Masonry denilen yığma tekniğinde geniş açıklıkları kemer, tonoz, kesişen tonoz ve kubbeyle geçmeyi Romalılar icat etmişlerdir.
Hristiyanlığın üçlü inancı ve ruhban sınıfının varlığı, lineer ve oturma düzenli ibadet şeklini de belirlediğinden, Roma bazilikalarının kiliseye dönüştürülmesinin önü açılmış, daha çok tonozlu yapıların benimsenmesine sebep olmuştur.
Gerçek anlamda, bildiğimiz büyük kubbe ise dünyada ilk kez Ayasofya'da hayat bulmuştur. İstanbul'un Türkler tarafından fethedilmesinden sonra, kubbe formu ve fikri, Osmanlı yapı ustaları ve mimarlarının da zihinlerini açmış, bu formun nasıl uygulanacağı ve İslam felsefesiyle nasıl bağdaştırılacağı üzerine kafa patlatmışlardır. Fakat özellikle, Ayasofya'nın bir dönem restorasyonu sırasında, Sinan kubbenin yapı sırlarını, doğrularını ve yanlışlarını öğrenmiş ve mimarlık hayatında bunları geliştirmeyi kendine görev addedmiştir.

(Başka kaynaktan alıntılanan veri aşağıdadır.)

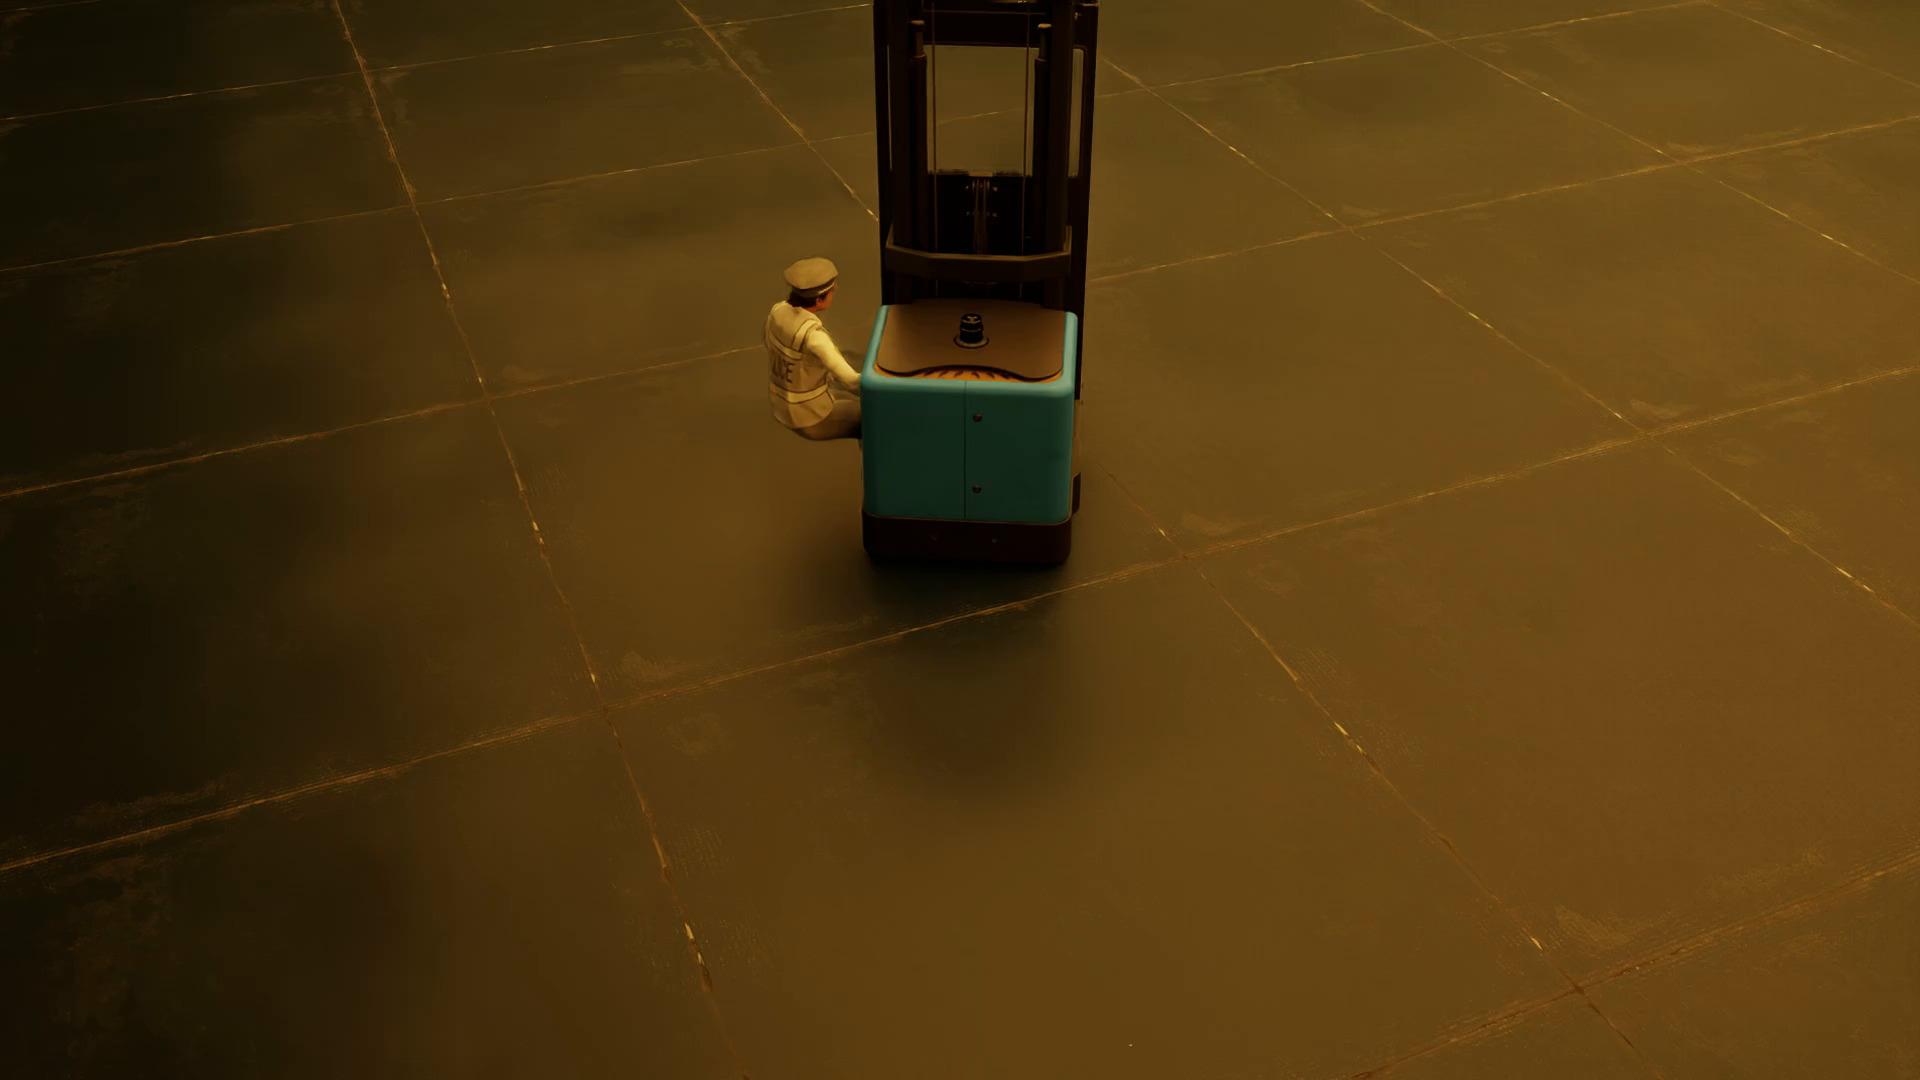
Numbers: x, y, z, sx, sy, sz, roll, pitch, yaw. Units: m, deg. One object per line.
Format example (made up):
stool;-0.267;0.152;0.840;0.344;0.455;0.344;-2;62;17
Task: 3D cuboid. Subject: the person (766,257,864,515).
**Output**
person;-0.569;-0.781;8.559;0.829;1.470;0.740;-23;42;-29

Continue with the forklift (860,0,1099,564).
forklift;0.145;-1.908;8.782;1.130;2.935;3.031;3;36;4

İslam ve kubbenin evliliği gerçek bir mimari ve felsefik zaferdir. Kubbe, semayı temsil eder. Altında ibadet eden inananlar ise, yüzleri Kıble'ye dönmüş tüm dünya üzerindeki müslümanlarla aynı sema altındaki birlikteliği. İslamiyetteki tek Tanrı inancı da mekanda eşitlik, ki bu da bir kare, daire veya çokgendir, gerektirdiğinden, bu izdüşümlerin yapım tekniği açısından en geniş açıklıkla geçilebileceği form da yine kubbe olmuştur.

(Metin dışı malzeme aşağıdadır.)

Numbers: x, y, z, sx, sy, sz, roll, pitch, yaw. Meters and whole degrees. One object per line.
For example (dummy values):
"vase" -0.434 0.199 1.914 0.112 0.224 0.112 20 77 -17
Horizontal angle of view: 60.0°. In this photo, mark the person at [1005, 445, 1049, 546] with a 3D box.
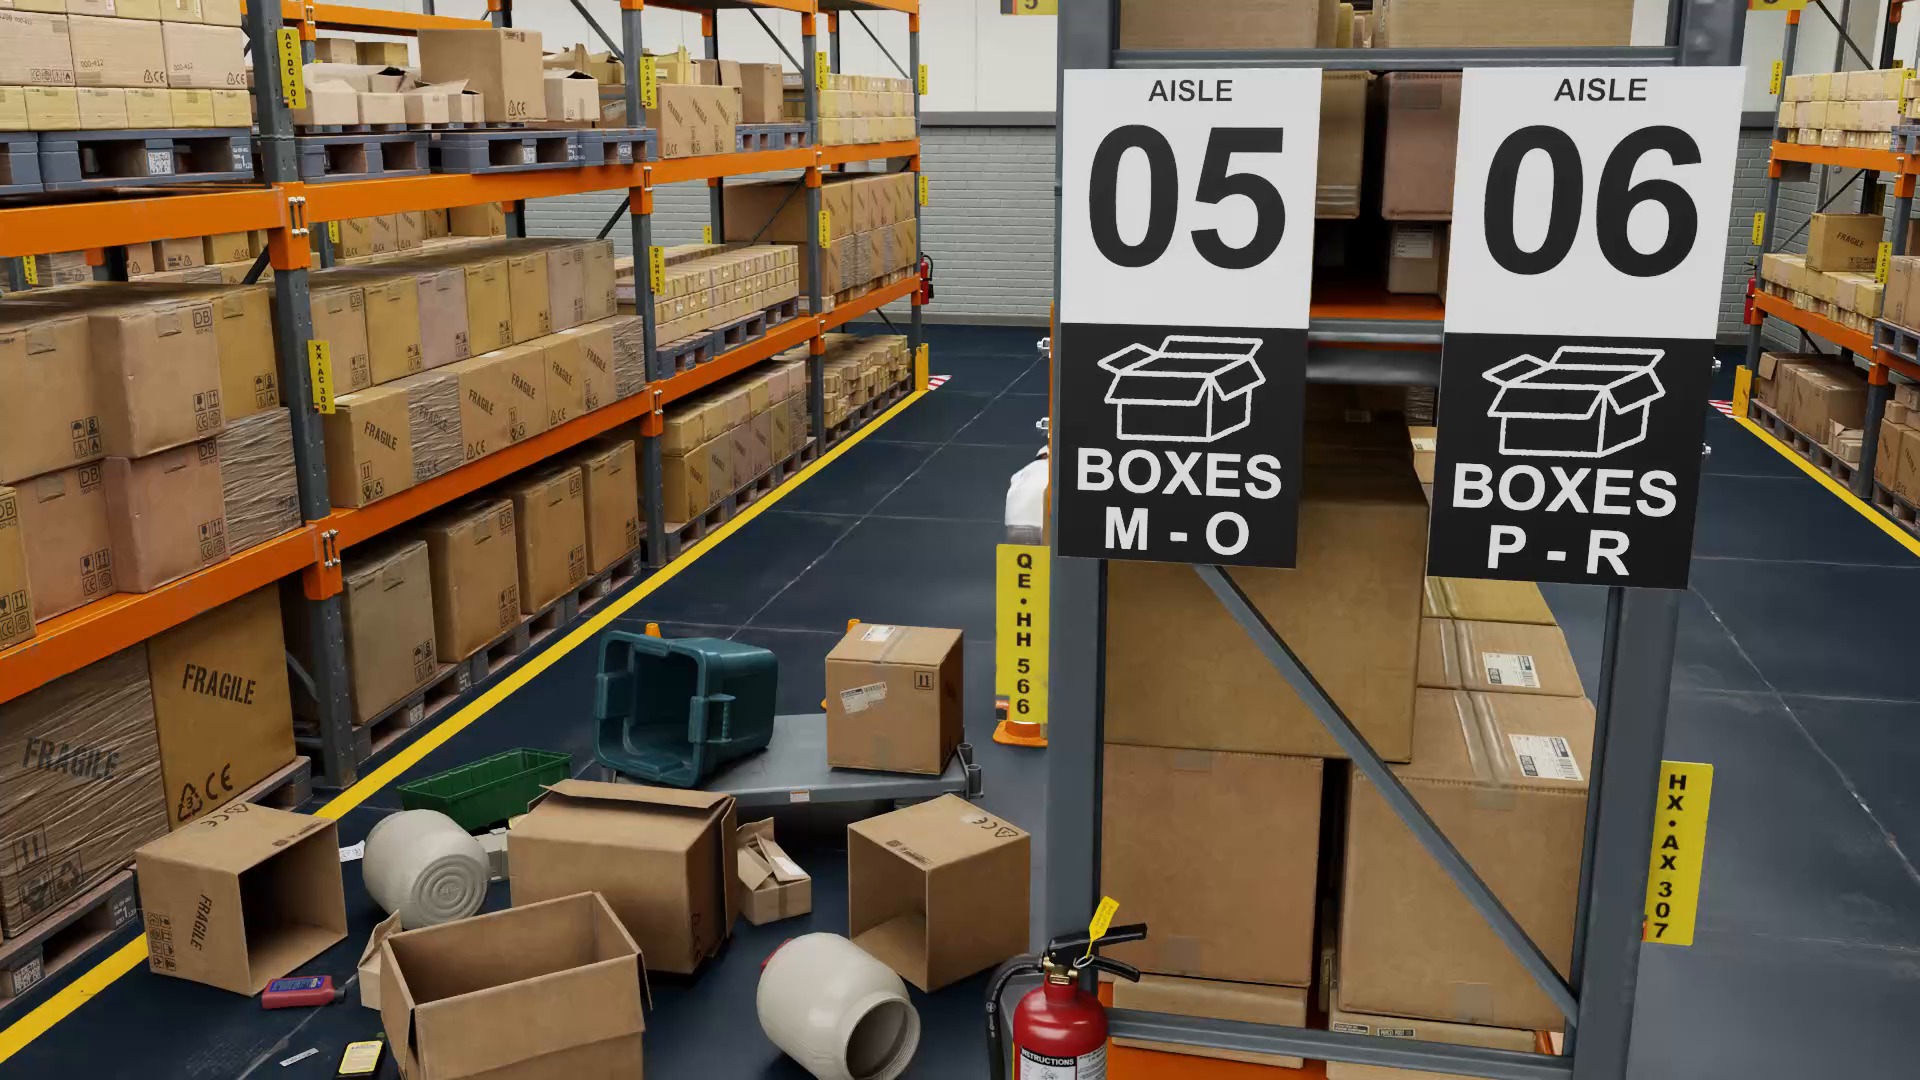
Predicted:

Kubbenin ibadethanelerde kullanımı Sinan döneminde zirvesini yaşamıştır. Ayasofya'yı örnek alıp, ondan çok daha hafif, zarif, aydınlık ve güzel kubbeleri yine Sinan tasarlamış ve inşa etmiştir. Ayasofya'nın eliptik kubbesinin dar açıklık ölçüsünü Selimiye kubbesinde geçerken, uzun açıklık ölçüsünü geçmeyerek, eski ustalara ve Ayasofya'ya saygısını da ifade edecek kadar mütevazıdır.